Description of the task: Give again, word for word, each line below starting at the one that contains "8. boot (205, 435, 342, 479)" and ending at the one that contains "14. video game case (206, 200, 421, 407)".

Supplied records:

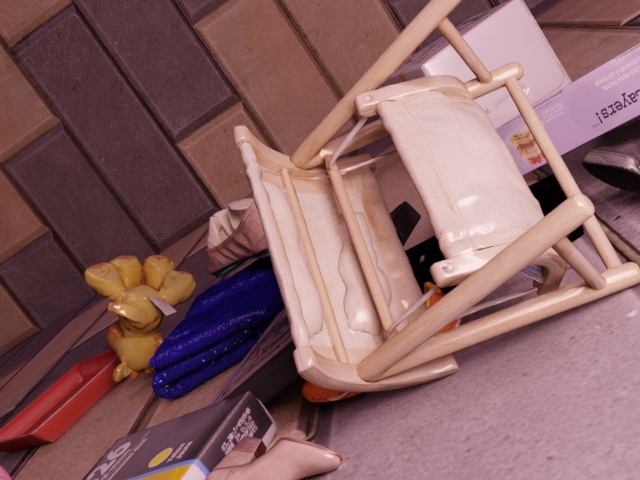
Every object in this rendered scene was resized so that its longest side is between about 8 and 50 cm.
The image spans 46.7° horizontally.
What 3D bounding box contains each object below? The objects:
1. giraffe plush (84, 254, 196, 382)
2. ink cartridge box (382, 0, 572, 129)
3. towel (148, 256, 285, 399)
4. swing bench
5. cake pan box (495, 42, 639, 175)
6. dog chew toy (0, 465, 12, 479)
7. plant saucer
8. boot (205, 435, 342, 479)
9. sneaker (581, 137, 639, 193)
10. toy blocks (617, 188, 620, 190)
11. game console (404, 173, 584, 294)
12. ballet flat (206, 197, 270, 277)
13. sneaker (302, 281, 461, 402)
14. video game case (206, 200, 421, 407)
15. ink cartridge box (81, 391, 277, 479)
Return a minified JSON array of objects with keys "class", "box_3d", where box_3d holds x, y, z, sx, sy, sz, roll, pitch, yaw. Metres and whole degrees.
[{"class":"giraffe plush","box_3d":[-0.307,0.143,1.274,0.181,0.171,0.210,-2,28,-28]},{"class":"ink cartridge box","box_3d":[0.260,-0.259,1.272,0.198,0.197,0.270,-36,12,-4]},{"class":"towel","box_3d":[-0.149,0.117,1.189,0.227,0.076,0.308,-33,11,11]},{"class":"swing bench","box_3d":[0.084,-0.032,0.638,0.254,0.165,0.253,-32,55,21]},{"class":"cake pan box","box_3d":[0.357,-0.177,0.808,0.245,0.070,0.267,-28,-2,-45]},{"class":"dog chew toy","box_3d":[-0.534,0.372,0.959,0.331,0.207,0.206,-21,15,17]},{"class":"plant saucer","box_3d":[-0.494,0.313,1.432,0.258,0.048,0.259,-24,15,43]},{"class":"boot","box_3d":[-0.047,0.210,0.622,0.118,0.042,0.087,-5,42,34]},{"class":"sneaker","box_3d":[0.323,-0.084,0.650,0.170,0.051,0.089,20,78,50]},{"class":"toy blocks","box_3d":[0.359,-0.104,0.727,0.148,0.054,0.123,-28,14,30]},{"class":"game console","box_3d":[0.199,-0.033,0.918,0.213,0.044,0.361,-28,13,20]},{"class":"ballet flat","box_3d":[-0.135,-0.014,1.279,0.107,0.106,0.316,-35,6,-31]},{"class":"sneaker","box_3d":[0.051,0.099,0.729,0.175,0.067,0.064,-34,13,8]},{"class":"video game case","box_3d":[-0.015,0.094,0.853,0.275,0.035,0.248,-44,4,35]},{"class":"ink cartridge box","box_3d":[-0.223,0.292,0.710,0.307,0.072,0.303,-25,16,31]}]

Answer:
8. boot (205, 435, 342, 479)
9. sneaker (581, 137, 639, 193)
10. toy blocks (617, 188, 620, 190)
11. game console (404, 173, 584, 294)
12. ballet flat (206, 197, 270, 277)
13. sneaker (302, 281, 461, 402)
14. video game case (206, 200, 421, 407)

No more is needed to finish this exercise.